Мои проблемы не ограничивались Полом Редмондом. Мне было достаточно ворчания Стива Вебера и Джона О’Рейли, чтобы понять, что далеко не всем в отделе нравилось, что я пришел на смену Герберу. Вебер говорил мне, что сторонники жесткой линии не намеревались сдавать свои позиции. Они не верили в необратимость происшедших в Восточной Европе перемен и опасались, что, когда маятник качнется в обратную сторону, будут застигнуты врасплох. Вебер советовал мне проявлять терпеливость в отношении работников восточноевропейской группы. Большинство из них считало, что привычный им мир, в котором они прожили так много лет, рухнул. Они сидели у сейфов, заполненных описаниями тайников в Праге, Будапеште и Варшаве, а я им говорил, что тамошние ребята являются нашими новыми друзьями. Они приспособятся к переменам, говорил мне Стив Вебер, просто им потребуется время.

О’Рейли был настроен менее оптимистично в отношении сторонников жесткой линии, занимавшихся Советским Союзом. Он советовал мне избавляться от них. Отправь их в контрразведку, там они будут счастливы.

Оба были правы. И я решил, что мне надо начать с Пола Редмонда.
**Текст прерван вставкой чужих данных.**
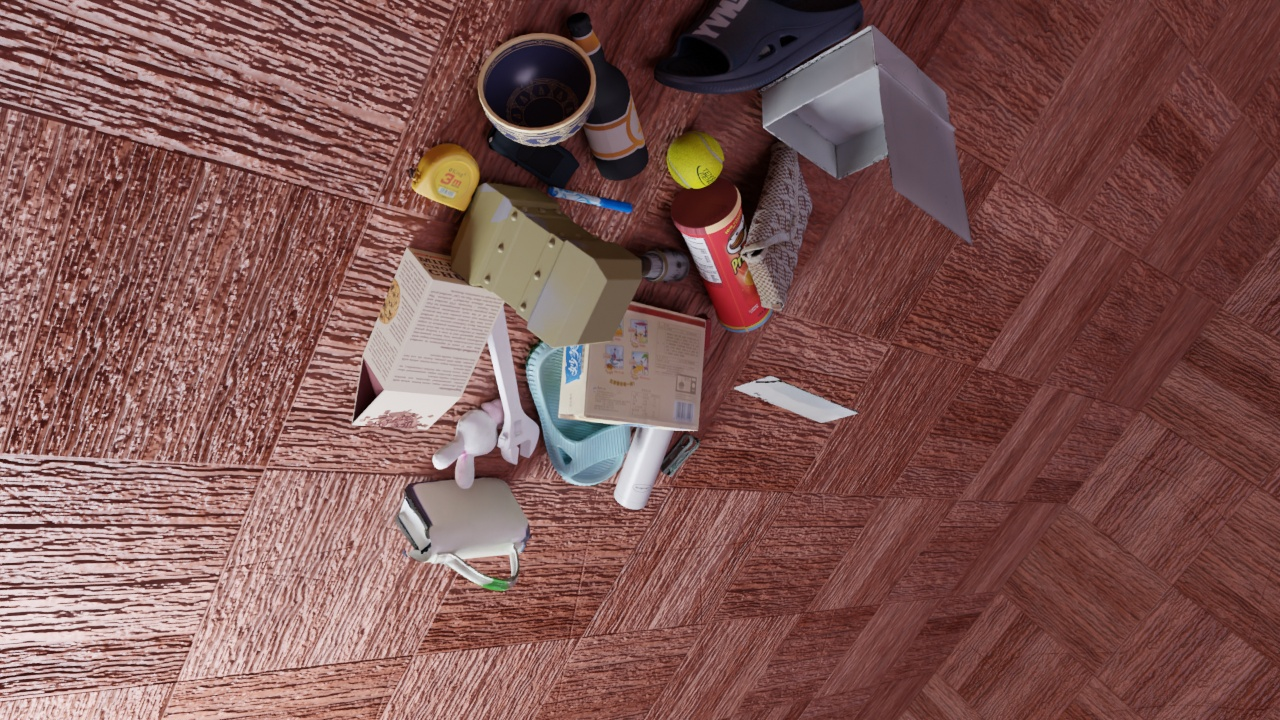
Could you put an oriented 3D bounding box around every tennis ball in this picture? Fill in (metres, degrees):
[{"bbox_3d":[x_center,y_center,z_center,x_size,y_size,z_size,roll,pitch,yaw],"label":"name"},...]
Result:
[{"bbox_3d":[0.064,-0.235,1.074,0.065,0.065,0.065,-22,135,-24],"label":"tennis ball"}]

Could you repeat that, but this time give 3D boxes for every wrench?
[{"bbox_3d":[-0.164,0.019,1.118,0.066,0.018,0.274,-48,144,-42],"label":"wrench"}]

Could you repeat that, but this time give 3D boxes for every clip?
[{"bbox_3d":[0.060,0.146,1.429,0.076,0.023,0.043,-49,141,8],"label":"clip"}]

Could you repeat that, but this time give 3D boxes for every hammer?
[{"bbox_3d":[-0.036,-0.109,1.049,0.324,0.190,0.101,-8,130,-57],"label":"hammer"}]

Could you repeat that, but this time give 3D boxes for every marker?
[{"bbox_3d":[-0.055,-0.181,1.039,0.141,0.013,0.013,-1,124,-54],"label":"marker"}]

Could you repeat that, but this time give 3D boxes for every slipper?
[{"bbox_3d":[-0.076,0.078,1.207,0.115,0.069,0.276,-30,132,-16],"label":"slipper"},{"bbox_3d":[0.135,-0.365,0.993,0.267,0.111,0.083,-30,135,-21],"label":"slipper"}]

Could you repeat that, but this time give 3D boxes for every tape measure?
[{"bbox_3d":[-0.195,-0.189,0.925,0.068,0.030,0.059,14,114,-48],"label":"tape measure"},{"bbox_3d":[0.075,-0.032,1.291,0.051,0.019,0.059,-22,135,-25],"label":"tape measure"}]

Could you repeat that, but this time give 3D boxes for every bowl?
[{"bbox_3d":[-0.098,-0.255,0.900,0.112,0.112,0.061,-35,163,-11],"label":"bowl"}]

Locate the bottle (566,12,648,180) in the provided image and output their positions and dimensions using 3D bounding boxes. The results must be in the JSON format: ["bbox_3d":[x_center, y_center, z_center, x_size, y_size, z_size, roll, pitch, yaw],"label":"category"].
[{"bbox_3d":[-0.040,-0.276,0.958,0.059,0.059,0.182,-34,139,-12],"label":"bottle"}]

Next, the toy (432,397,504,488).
[{"bbox_3d":[-0.206,0.094,1.148,0.125,0.037,0.076,-56,141,-20],"label":"toy"}]

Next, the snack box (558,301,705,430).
[{"bbox_3d":[-0.007,0.007,1.173,0.207,0.055,0.153,10,82,-44],"label":"snack box"}]

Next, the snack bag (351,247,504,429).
[{"bbox_3d":[-0.239,-0.010,1.010,0.094,0.070,0.207,8,118,-43],"label":"snack bag"}]

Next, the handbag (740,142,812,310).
[{"bbox_3d":[0.180,-0.171,1.171,0.124,0.047,0.185,57,46,-52],"label":"handbag"}]

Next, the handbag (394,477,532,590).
[{"bbox_3d":[-0.213,0.231,1.155,0.151,0.176,0.074,1,124,-41],"label":"handbag"}]

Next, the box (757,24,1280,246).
[{"bbox_3d":[0.364,-0.245,0.953,0.166,0.528,0.234,20,106,-39],"label":"box"}]

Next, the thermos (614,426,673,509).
[{"bbox_3d":[0.016,0.117,1.343,0.052,0.052,0.225,-5,126,-37],"label":"thermos"}]

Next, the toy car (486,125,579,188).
[{"bbox_3d":[-0.111,-0.219,0.966,0.112,0.034,0.046,26,105,-48],"label":"toy car"}]

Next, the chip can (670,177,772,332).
[{"bbox_3d":[0.110,-0.131,1.186,0.087,0.087,0.213,-38,140,-7],"label":"chip can"}]

Карлсхорст, Восточный Берлин. 2 октября 1990 года

Закруженная вихрем кучка листьев пронеслась по булыжной мостовой мимо хмурого советского часового у входа в Музей капитуляции в Карлсхорсте, расположенный в самом сердце большого объекта КГБ в Восточном Берлине. Этот когда-то модный жилой район вошел в историю в мае 1945 года, когда представители немецкого вермахта подписали здесь акт о капитуляции. Само здание музея, где фельдмаршал Кейтель, адмирал фон Фридебург и генерал Штумпф подписали исторический акт о безоговорочной капитуляции, когда-то было офицерским клубом вермахта, но на протяжении последних 45 лет слово Карлсхорст стало синонимом советского КГБ. И вот теперь ослепительным осенним днем, через 45 лет после капитуляции и за день до воссоединения Восточной и Западной Германии, я шел по тихой Рейнштайнштрассе с Рэмом Красильниковым. Со мной в Берлин на очередную «гавриловскую встречу» приехали Тед Прайс, сменивший Гэса Хэттавея на посту руководителя контрразведки ЦРУ, и наш московский резидент Майк Клайн. Я оставил своих спутников на конспиративной квартире КГБ вместе с начальником контрразведки ПГУ Леонидом Никитенко и решил прогуляться вдвоем с Красильниковым.